**SOURCE MATERIAL**.
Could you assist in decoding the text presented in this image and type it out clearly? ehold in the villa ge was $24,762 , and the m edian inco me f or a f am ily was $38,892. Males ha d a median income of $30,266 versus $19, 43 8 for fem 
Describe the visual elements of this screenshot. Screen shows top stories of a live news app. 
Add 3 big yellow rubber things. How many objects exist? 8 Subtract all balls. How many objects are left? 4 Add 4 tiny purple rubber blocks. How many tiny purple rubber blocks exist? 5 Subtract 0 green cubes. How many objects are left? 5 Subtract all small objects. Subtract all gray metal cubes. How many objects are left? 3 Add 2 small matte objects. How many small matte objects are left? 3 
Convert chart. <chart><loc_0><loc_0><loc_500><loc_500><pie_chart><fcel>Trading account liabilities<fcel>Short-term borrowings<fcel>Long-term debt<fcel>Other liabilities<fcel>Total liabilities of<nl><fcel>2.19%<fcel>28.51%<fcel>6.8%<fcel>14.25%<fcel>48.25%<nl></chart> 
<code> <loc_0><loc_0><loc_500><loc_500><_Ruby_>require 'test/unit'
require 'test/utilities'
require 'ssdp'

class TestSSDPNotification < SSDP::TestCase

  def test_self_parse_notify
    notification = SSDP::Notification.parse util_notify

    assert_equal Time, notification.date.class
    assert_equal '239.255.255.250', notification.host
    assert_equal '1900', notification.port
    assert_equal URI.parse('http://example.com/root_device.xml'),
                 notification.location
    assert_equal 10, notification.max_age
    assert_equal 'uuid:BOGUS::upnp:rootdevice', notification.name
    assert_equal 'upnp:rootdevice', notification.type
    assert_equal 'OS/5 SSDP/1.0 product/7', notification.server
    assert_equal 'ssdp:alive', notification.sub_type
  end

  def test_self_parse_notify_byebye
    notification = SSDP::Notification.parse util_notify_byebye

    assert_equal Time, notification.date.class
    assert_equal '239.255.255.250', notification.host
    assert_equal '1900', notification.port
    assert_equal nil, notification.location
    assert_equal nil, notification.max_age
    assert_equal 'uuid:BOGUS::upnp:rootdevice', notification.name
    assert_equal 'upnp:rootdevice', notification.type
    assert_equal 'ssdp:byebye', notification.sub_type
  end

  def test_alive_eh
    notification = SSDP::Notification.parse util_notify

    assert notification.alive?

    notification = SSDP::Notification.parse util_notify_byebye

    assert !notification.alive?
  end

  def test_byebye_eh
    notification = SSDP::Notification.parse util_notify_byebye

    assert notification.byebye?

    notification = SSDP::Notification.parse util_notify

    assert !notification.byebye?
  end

**DESCRIPTION OF THE TASK**. Quote every entry exactly.

**ANSWER TO THIS TASK**.
Could you assist in decoding the text presented in this image and type it out clearly? ehold in the villa ge was $24,762 , and the m edian inco me f or a f am ily was $38,892. Males ha d a median income of $30,266 versus $19, 43 8 for fem 
Describe the visual elements of this screenshot. Screen shows top stories of a live news app. 
Add 3 big yellow rubber things. How many objects exist? 8 Subtract all balls. How many objects are left? 4 Add 4 tiny purple rubber blocks. How many tiny purple rubber blocks exist? 5 Subtract 0 green cubes. How many objects are left? 5 Subtract all small objects. Subtract all gray metal cubes. How many objects are left? 3 Add 2 small matte objects. How many small matte objects are left? 3 
Convert chart. <chart><loc_0><loc_0><loc_500><loc_500><pie_chart><fcel>Trading account liabilities<fcel>Short-term borrowings<fcel>Long-term debt<fcel>Other liabilities<fcel>Total liabilities of<nl><fcel>2.19%<fcel>28.51%<fcel>6.8%<fcel>14.25%<fcel>48.25%<nl></chart> 
<code> <loc_0><loc_0><loc_500><loc_500><_Ruby_>require 'test/unit'
require 'test/utilities'
require 'ssdp'

class TestSSDPNotification < SSDP::TestCase

  def test_self_parse_notify
    notification = SSDP::Notification.parse util_notify

    assert_equal Time, notification.date.class
    assert_equal '239.255.255.250', notification.host
    assert_equal '1900', notification.port
    assert_equal URI.parse('http://example.com/root_device.xml'),
                 notification.location
    assert_equal 10, notification.max_age
    assert_equal 'uuid:BOGUS::upnp:rootdevice', notification.name
    assert_equal 'upnp:rootdevice', notification.type
    assert_equal 'OS/5 SSDP/1.0 product/7', notification.server
    assert_equal 'ssdp:alive', notification.sub_type
  end

  def test_self_parse_notify_byebye
    notification = SSDP::Notification.parse util_notify_byebye

    assert_equal Time, notification.date.class
    assert_equal '239.255.255.250', notification.host
    assert_equal '1900', notification.port
    assert_equal nil, notification.location
    assert_equal nil, notification.max_age
    assert_equal 'uuid:BOGUS::upnp:rootdevice', notification.name
    assert_equal 'upnp:rootdevice', notification.type
    assert_equal 'ssdp:byebye', notification.sub_type
  end

  def test_alive_eh
    notification = SSDP::Notification.parse util_notify

    assert notification.alive?

    notification = SSDP::Notification.parse util_notify_byebye

    assert !notification.alive?
  end

  def test_byebye_eh
    notification = SSDP::Notification.parse util_notify_byebye

    assert notification.byebye?

    notification = SSDP::Notification.parse util_notify

    assert !notification.byebye?
  end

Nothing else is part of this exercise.